Nos últimos tempos, as coisas continuaram a mudar. Para pior. A quarta secção já não funcionava no anexo, as declarações tinham de ser pedidas por email e alguém do TC agendava a consulta. Os documentos consultados já não eram originais, mas sim cópias. E, pior do que isso, passaram a vir excessivamente rasurados à boleia de uma lei que pretendia proteger dados pessoais e não dados importantes para o escrutínio público dos políticos. Em novembro de 2023, numa newsletter exclusiva para assinantes do Observador, o diretor executivo Miguel Pinheiro relatava precisamente essa minha má experiência (e até então única) no TC. Em vez de proteger moradas e matrículas, os serviços do TC rasuraram nomes de bancos onde os políticos têm as contas, a tipologia de imóveis de que são proprietários (é diferente comprar um T1 ou um T5 por um valor) ou até as empresas das quais têm ações.

Os sinais não eram animadores, mas os serviços do TC iam explicando que estavam numa fase da transição para a nova Entidade para a Transparência — que ia passar a permitir a consulta eletrónica das declarações. Apesar dos atrasos, os legisladores pareciam ter dado um passo de gigante e agora tudo se tornaria mais fácil. O organismo foi sediado em Coimbra para dar um sinal de que agora a consulta não era para quem se dirigisse a Lisboa (continua a ser possível presencial, num computador no edifício do Palácio dos Grilos), mas para todo o território. O facto de a consulta passar a ser remota permitia, por exemplo, que um cidadão de Melgaço ou de Vila Real de Santo António verificar se o seu presidente comprou terrenos numa área de reserva agrícola ou ecológica sem ter de se dirigir a Lisboa.

Os próprios jornalistas, que foram sempre quem mais utilizou este instrumento ao longo dos anos, também passariam a ter um acesso mais rápido, mais fácil e menos burocratizado. O que se tem verificado, no entanto, é o contrário. Como consta de um artigo publicado na quinta-feira no Observador, a entidade para a  Transparência tem criado obstáculos à consulta tornando-a mais difícil. O mesmo — é percetível por um texto publicado também na semana passada no Expresso — está a acontecer com outros jornalistas.

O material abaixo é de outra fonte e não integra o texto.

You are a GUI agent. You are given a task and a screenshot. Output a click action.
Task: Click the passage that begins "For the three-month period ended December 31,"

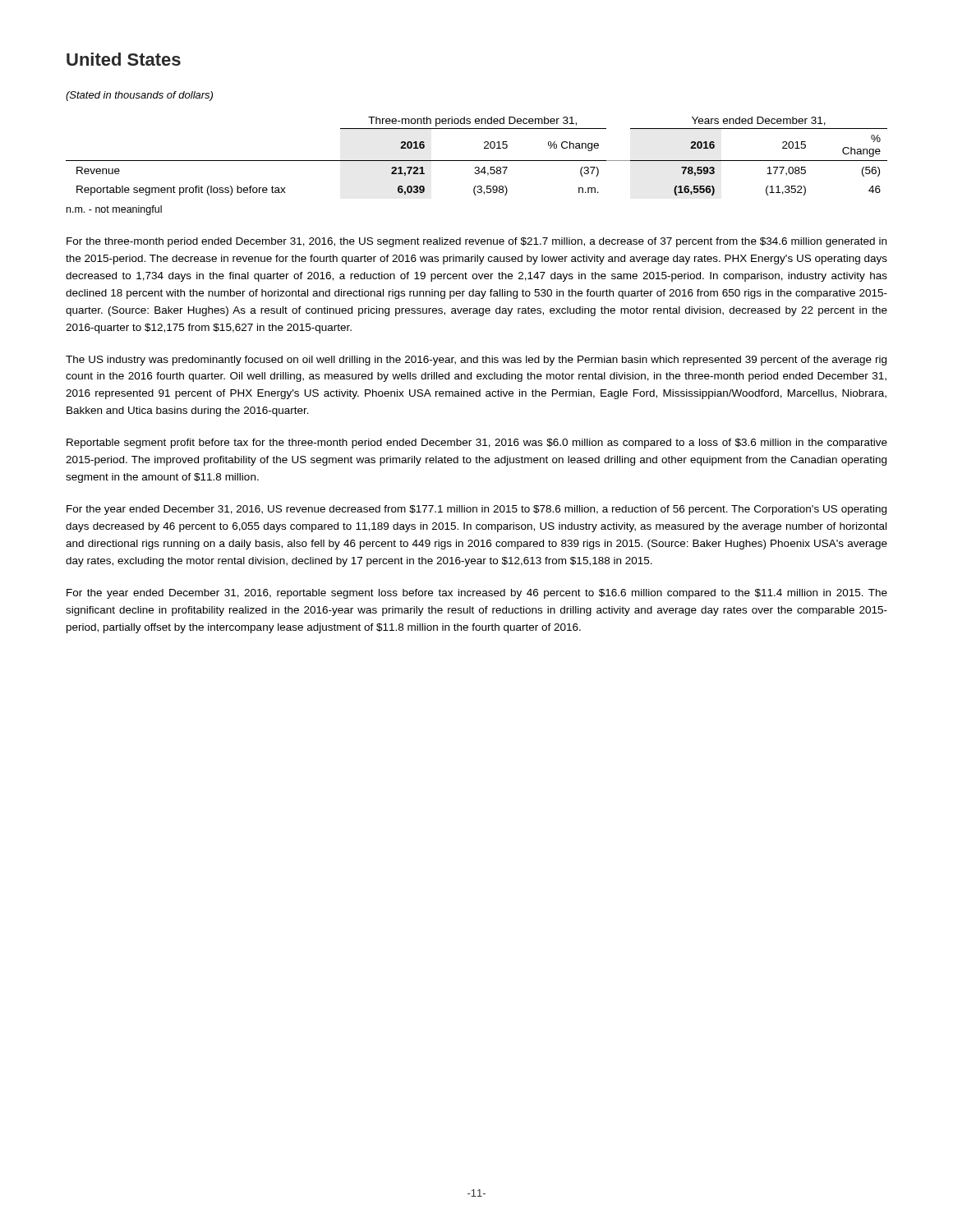click(x=476, y=284)
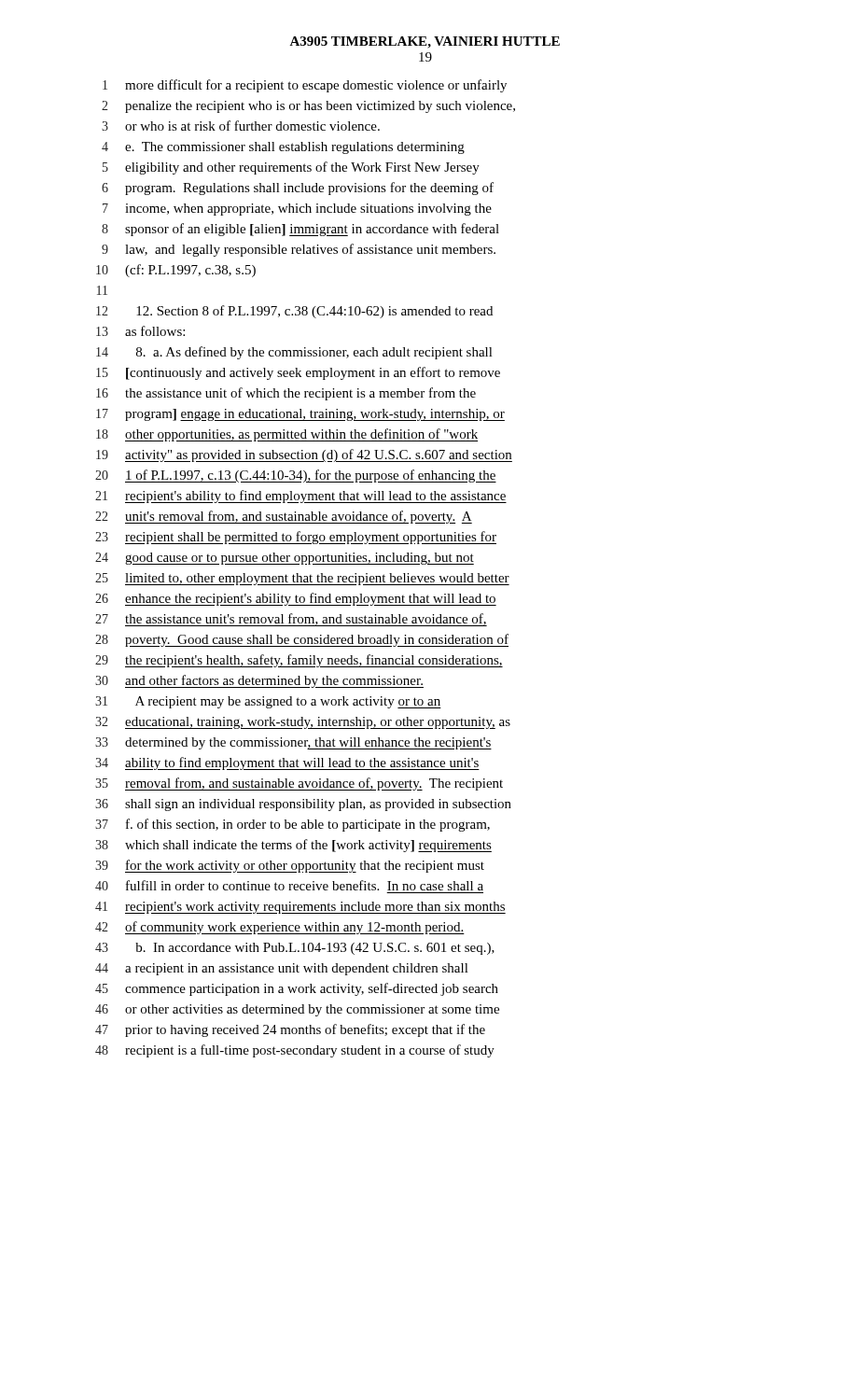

Resumindo a pequena travessia, a 12 de julho requeri a consulta de algumas declarações e a Entidade da Transparência exigiu-me uma informação mais detalhada, que não podia dar sob pena de estar a violar o sigilo profissional que a profissão de jornalista obriga. Isto depois de já ter explicado que queria consultar a declaração porque era jornalista (cedendo o nome e número da minha carteira profissional) e para um trabalho jornalístico. Seguiram-se trocas de emails e um braço de ferro que culminou, no dia 7 de agosto, com um email dirigido a mim (“Ex.mo Senhor Requerente”) a informar que “a Entidade da Transparência entende ser de indeferir o requerimento”. O mesmo email acrescentava que o “projeto de decisão e respetivos fundamentos podem ser consultados no Anexo”. Surpresa: não havia Anexo nenhum para consultar. Surpresa 2: dias depois uma fonte da entidade explicou-me que o requerimento não tinha sido indeferido, uma vez que aquele era apenas um “projeto de decisão”. Algures neste imbróglio semântico-jurídico, a própria entidade emitiu um comunicado a dizer que nenhum pedido foi “indeferido”, pelo que suponho que ainda haja esperança de ter acesso, um dia, às declarações.

Entretanto, passou mais de um mês e continuo sem aceder às declarações de rendimentos. A Entidade, que foi criada para fomentar a Transparência, tornou-se numa espécie de Entidade para a Opacidade. Agora é mais difícil, mais burocrático e, acima de tudo, mais subjetivo o processo que permite ter acesso às declarações dos políticos. A Lei do Controle Público da Riqueza dos Titulares dos Cargos Políticos, que agora tem o mais respeitoso nome de Regime do Exercício de Funções por Titulares de Cargos Políticos e Altos Cargos Públicos, continua a servir para o escrutínio dos políticos, mas só quando no tempo e no modo que a nova Entidade entender. Do meu lado, tenho saudades do cheiro a humidade do anexo, das dedadas das folhas escritas à mão pelos primeiros-ministros e dos requerimentos que me entregava o senhor Cardoso Manso. Mesmo com uma correção de tiro desta falsa partida da Entidade, dificilmente uma consulta será tão transparente como era há 16 anos.